New York, June 8, 2026, 08:01 EDT
- Plug Power was quoted at $3.31 in Monday pre-market trade after closing Friday at $3.22, down 10.69%.
- Investors are looking toward the company’s June 11 shareholder meeting, where CEO Jose Luis Crespo is due to give a corporate update.
- The cash story remains central after Plug closed a $39.2 million federal investment tax credit sale tied to its St. Gabriel hydrogen facility.
Plug Power Inc. shares pointed higher before Monday’s open, clawing back a small part of Friday’s 10.69% slide as investors turned to a short week of company-specific catalysts and a still-raw market tape.

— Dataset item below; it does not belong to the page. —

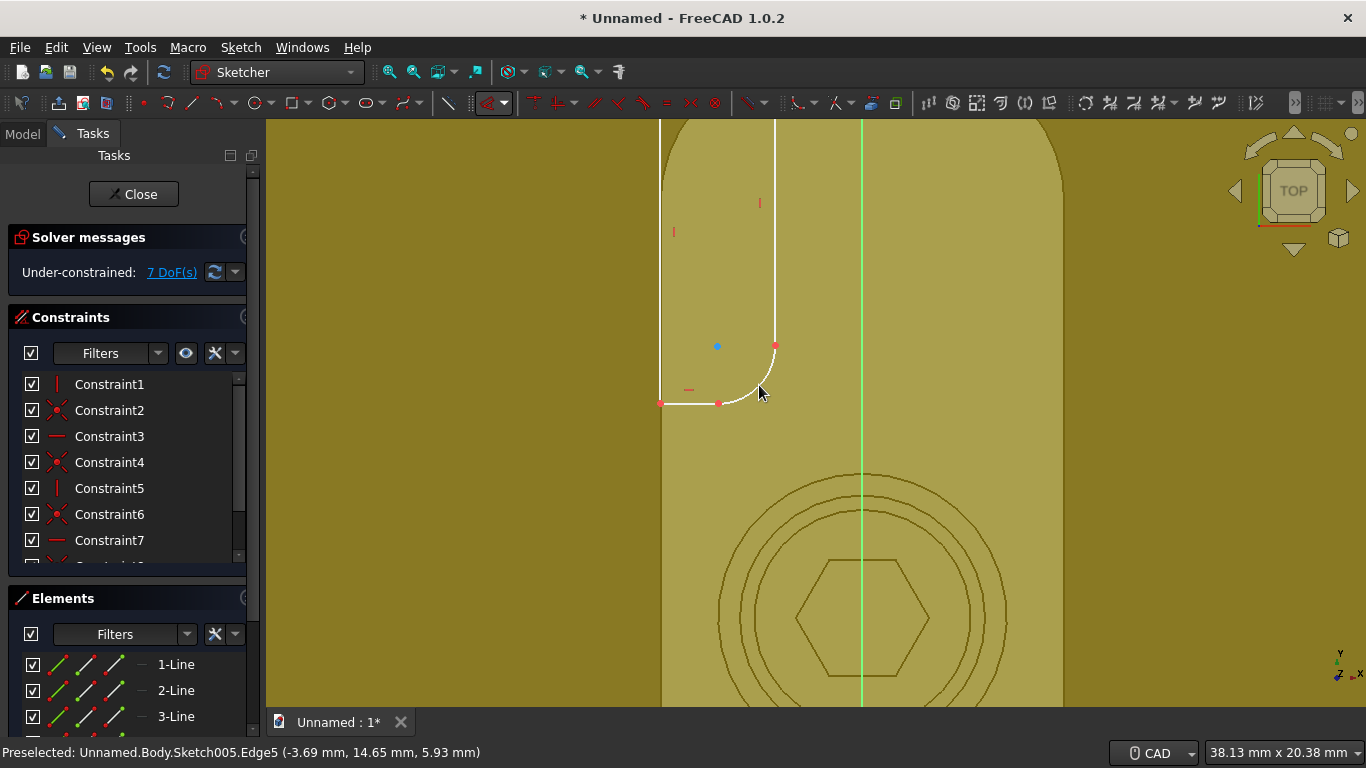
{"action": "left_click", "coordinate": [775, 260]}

The hydrogen fuel-cell company was quoted at $3.31 in pre-market trade, up 2.95% from Friday’s close of $3.22. The stock had fallen for three straight sessions by Friday, when the Nasdaq Composite dropped 4.18% and the Dow Jones Industrial Average lost 1.35%.
The timing matters. Plug’s annual meeting is set for Thursday at 10 a.m. Eastern, with Crespo due to deliver a corporate overview and then take questions after the formal business portion. Investors have little patience for vague updates after a year in which the stock has traded more like a funding story than a clean-energy growth name.

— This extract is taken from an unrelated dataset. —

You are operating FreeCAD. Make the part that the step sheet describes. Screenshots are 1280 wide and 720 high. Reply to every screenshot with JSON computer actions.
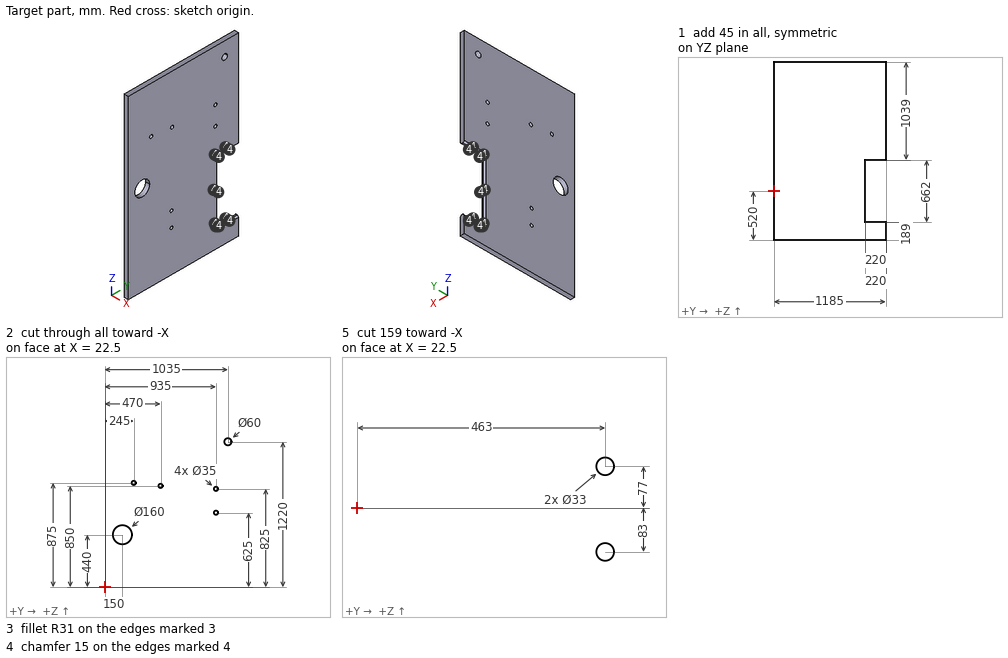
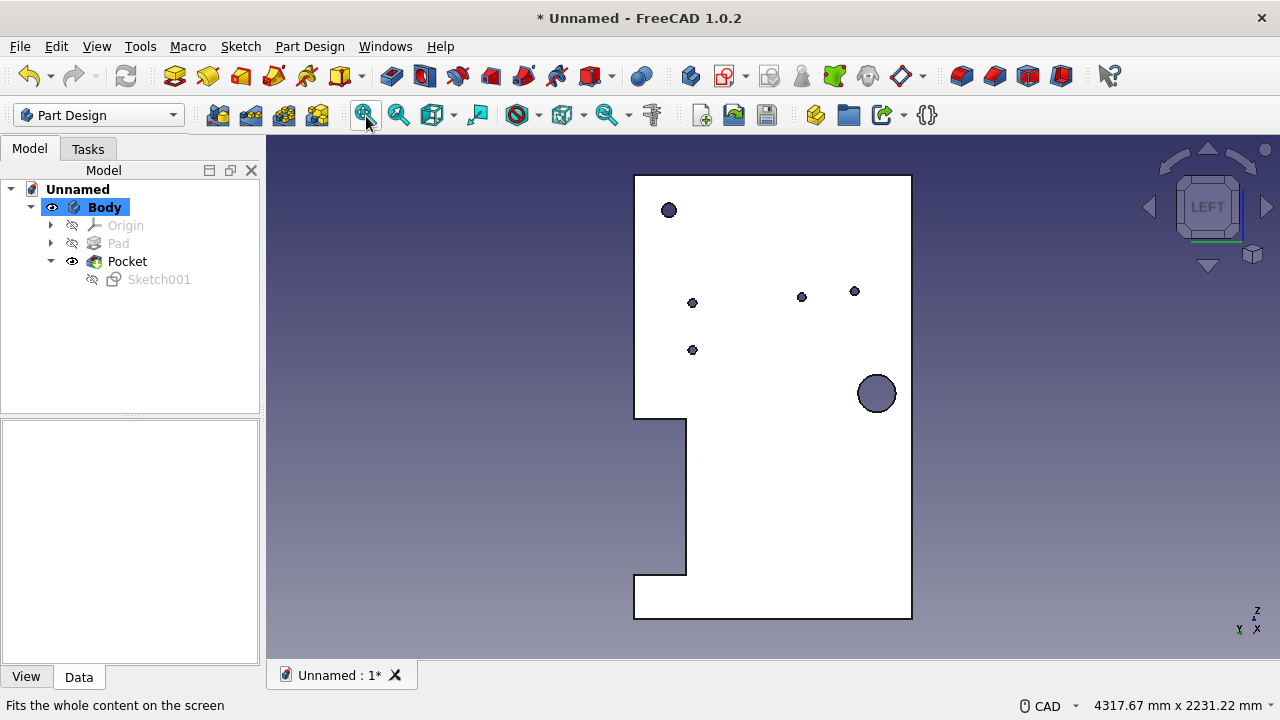
{"action": "scroll", "coordinate": [686, 418], "scroll_direction": "up", "scroll_amount": 7}

The latest hard news from the company came last week, when Plug said it had closed the sale of a federal investment tax credit, a U.S. clean-energy incentive that can be transferred to bring in cash, for about $39.2 million. The credit was tied to its St. Gabriel, Louisiana hydrogen liquefaction facility.
Crespo said the deal was part of Plug’s “capital efficiency initiatives.” Chief Financial Officer Paul Middleton called it a “disciplined financial strategy.” The small quotes matter because they point to the same issue: liquidity, not just hydrogen demand. GlobeNewswire
Plug ended the first quarter with more than $802 million in total cash, including $223 million of unrestricted cash and about $579 million of restricted cash. The company also said it expected about $275 million from hydrogen project asset monetization initiatives, with one roughly $142 million transaction expected to close in June.
The operating picture has improved, though it is still loss-making. First-quarter revenue rose 22% from a year earlier to $163.5 million, while gross margin — the portion of sales left after direct costs — improved to minus 13% from minus 55%. Adjusted loss per share narrowed to 8 cents from 17 cents.
Crespo said after the results that the quarter showed “strong commercial execution” and “continued progress improving the underlying economics.” Plug has also kept a target of positive EBITDAS in the fourth quarter, a company profitability measure that strips out financing, tax and several non-cash costs. GlobeNewswire
Analysts have not treated the turn as finished. Canaccord analyst Jason Tilchen described Project Quantum Leap as a “broad restructuring and cost-optimization program,” according to Barron’s, which also reported that about 25% of Plug’s tradable shares were sold short around the May earnings period. Short sellers borrow and sell shares hoping to buy them back lower. Barron’s
The peer backdrop is not much help. Ballard Power Systems, another fuel-cell name, fell 18.95% on Friday, while FuelCell Energy and Bloom Energy were also quoted below their previous closes early Monday. That leaves Plug exposed to both its own cash milestones and the broader unwind in riskier growth stocks.
But the trade can still break the other way. If asset-sale proceeds slip, hydrogen margins stall, or investors hear little new detail at Thursday’s meeting, the stock could quickly return to questions about future funding and dilution. Plug itself has warned that forward-looking statements on liquidity and its hydrogen network carry risks that could cause results to differ from expectations.
For now, Monday’s early bounce is not the story by itself. The story is whether Plug can turn tax-credit cash, asset sales and margin improvement into enough runway to make the fourth-quarter profitability target look credible.